An accepted view is that the transmission of DWV to pupae through V. destructor is a prerequisite for the development of crippled wings (Ball & Allen, 1988; Bowen-Walker et al., 1999; Shen et al., 2005b; Yue & Genersch, 2005). The exact pathogenic mechanisms in the triangular relationship between honeybees as hosts, V. destructor as a virus vector and DWV as a pathogen are poorly understood.

Two explanatory approaches can be found in the literature. One explanation is that V. destructor acts as a virus vector but more importantly, it induces an immunosuppression in the host, thereby activating covert virus infections (Shen et al., 2005b; Yang & Cox-Foster, 2005, 2007). Accordingly, the degree of mite infestation of a single pupa was reported to be positively correlated with the probability of crippled wings (Bowen-Walker et al., 1999) or severity of the symptoms (Yang, 2004; Yang & Cox-Foster, 2005). The results presented in this study did not confirm these correlations. No significant difference in mite infestation level could be demonstrated between bees emerging with malformed or normal wings.

The other explanation is that V. destructor not only acts as a mechanical vector of DWV but also has the potential to act as a biological vector by supporting DWV replication prior to transmission. We previously showed that this replication correlates to the development of crippled wings (Yue & Genersch, 2005) and we have duplicated these results here. The correlation between DWV replication in mites and the development of wing deformity (and conversely, the correlation between absence of replication in mites and absence of clinical symptoms in bees) suggested that, although DWV transmission by V. destructor is a prerequisite for the development of crippled wings, a crucial factor is the replication of DWV in the mite prior to transmission.
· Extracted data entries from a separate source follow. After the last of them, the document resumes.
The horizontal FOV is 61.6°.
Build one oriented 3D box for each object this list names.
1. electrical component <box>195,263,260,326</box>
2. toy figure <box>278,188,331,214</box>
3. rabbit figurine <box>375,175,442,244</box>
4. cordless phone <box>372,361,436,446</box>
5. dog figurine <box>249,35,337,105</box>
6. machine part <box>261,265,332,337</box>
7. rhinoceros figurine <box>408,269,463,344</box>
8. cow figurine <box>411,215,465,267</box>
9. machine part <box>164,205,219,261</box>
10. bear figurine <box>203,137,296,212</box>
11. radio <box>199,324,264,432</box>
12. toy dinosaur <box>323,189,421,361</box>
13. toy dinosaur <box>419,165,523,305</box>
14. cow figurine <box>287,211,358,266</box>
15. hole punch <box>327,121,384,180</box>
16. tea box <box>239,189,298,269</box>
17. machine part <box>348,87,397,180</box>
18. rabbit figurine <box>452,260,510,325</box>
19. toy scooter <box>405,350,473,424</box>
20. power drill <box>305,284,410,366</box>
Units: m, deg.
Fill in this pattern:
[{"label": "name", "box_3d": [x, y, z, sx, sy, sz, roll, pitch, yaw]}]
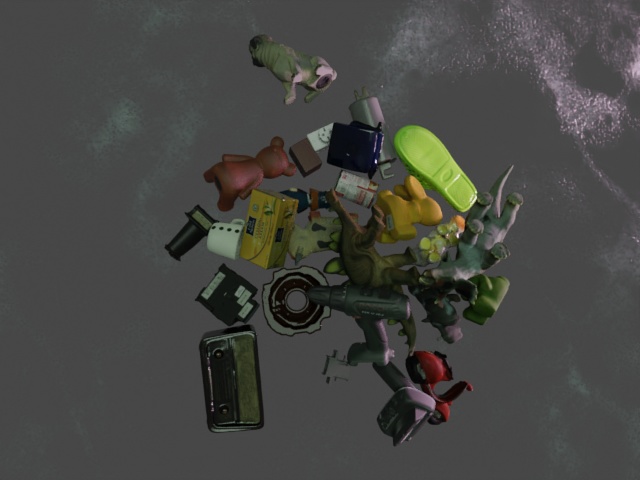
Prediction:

We now provide correlative evidence that this replication produces a high DWV titre in these mites (10¹⁰–10¹² genome equivalents per mite), which is at least two orders of magnitude higher than the viral titre in mites collected from asymptomatic bees. These results suggested that it is necessary for the DWV titre in the infecting mites to reach a certain threshold level (achieved through replication in these mites) for infested, and hence infected, bees to emerge with crippled wings.
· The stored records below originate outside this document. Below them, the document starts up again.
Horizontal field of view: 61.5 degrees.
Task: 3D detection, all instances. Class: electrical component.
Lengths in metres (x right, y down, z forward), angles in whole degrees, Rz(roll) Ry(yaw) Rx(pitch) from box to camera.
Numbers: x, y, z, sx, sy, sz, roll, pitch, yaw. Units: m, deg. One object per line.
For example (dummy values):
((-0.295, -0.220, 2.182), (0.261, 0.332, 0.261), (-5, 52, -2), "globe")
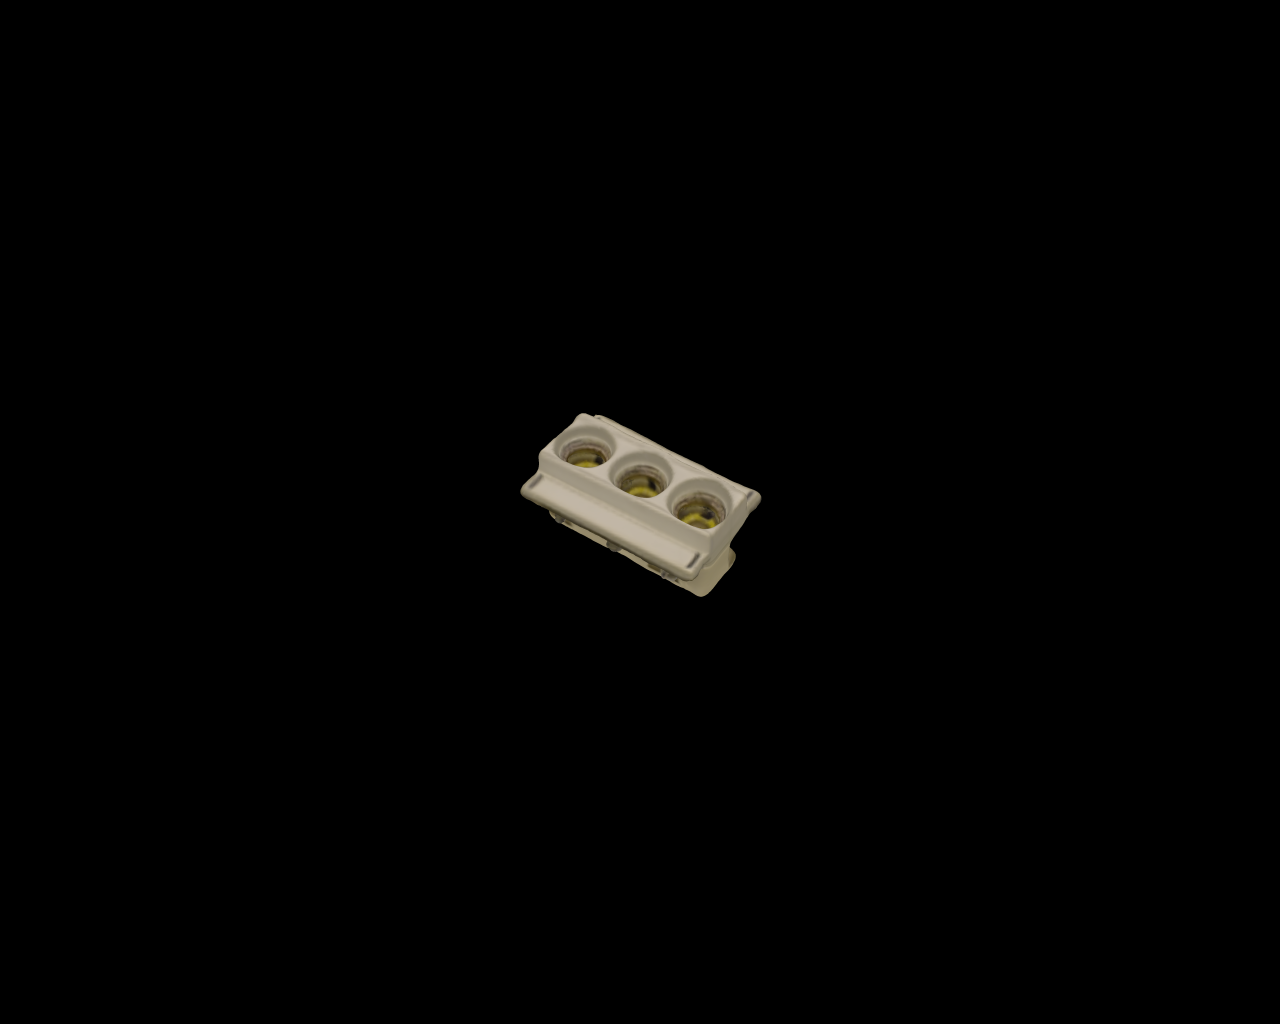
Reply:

This raises the question of why a certain DWV titre may be crucial for the formation of crippled wings. One possible explanation is that whether DWV will cause clinical symptoms in the adult bee is determined by the number of virus particles transmitted by the mite that circulate in the pupal haemolymph and infect all possible tissues. This explanation is supported by earlier studies suggesting that the level of DWV present in the bees determines whether they hatch as symptomatic, non-viable bees, or emerge as asymptomatic bees (Bowen-Walker et al., 1999; Chen et al., 2005).
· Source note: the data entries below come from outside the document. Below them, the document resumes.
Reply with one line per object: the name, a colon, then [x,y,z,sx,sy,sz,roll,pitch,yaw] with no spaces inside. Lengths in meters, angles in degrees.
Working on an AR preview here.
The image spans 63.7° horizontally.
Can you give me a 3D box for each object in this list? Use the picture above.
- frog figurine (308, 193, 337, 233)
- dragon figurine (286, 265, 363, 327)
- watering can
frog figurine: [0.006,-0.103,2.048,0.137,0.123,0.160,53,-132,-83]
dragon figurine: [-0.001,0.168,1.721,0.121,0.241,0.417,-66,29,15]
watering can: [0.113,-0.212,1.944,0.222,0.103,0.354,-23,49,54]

Another explanation comes from the quasi-species concept for RNA viruses, which proposes that RNA viruses tend to form mutant swarms due to their high failure rate during replication (Domingo, 2002; Eigen, 1996; Holmes & Moya, 2002). Assuming that only certain DWV mutants are able to cause crippled wings in the developing bee, the likelihood of such a mutant will be positively correlated with the replication rate in the vector and the host and, therefore, with the viral population size that finally infects the pupa. Hence, efficient DWV replication that results in a high virus titre in mites, as shown in our study, may allow the generation of a certain DWV mutant already present in the vector V. destructor that is able to cause clinical symptoms of DWV infection in the bees. Accordingly, it may not be the number of viral particles transmitted by the mite that are essential for the development of crippled wings, but rather the presence of certain mutants among the vector-transmitted viruses.

Based on our results, we now propose the following model for the pathogenesis of an overt DWV infection in mite-infested pupae. DWV transmission to pupae by V. destructor is the prerequisite for the development of crippled wings in the adult bee. DWV replication in mites prior to viral transmission is then necessary to produce a viral titre above a certain threshold (more than 10¹⁰ viral genome equivalents per mite). Following this, either the large number of viral particles vectored by the mite and/or the existence of a certain viral mutant in the transmitted viral population will cause the development of crippled wings as clinical symptoms of an overt DWV infection.

	ACKNOWLEDGEMENTS

 
This work was supported by the EU (according to regulation 797/2004) and by grants from the Ministries of Agriculture of Brandenburg, Sachsen, and Thüringen, Germany, and the Senate of Berlin, Germany.

	REFERENCES

TOP ABSTRACT MAIN TEXT REFERENCES

 
Ball, B. V. (1983). The association of Varroa jacobsoni with virus diseases of honey bees. In Proceedings of a Meeting of the EC Experts’ Group, Wageningen, 7–9 February 1983. Rotterdam: A. A. Balkema.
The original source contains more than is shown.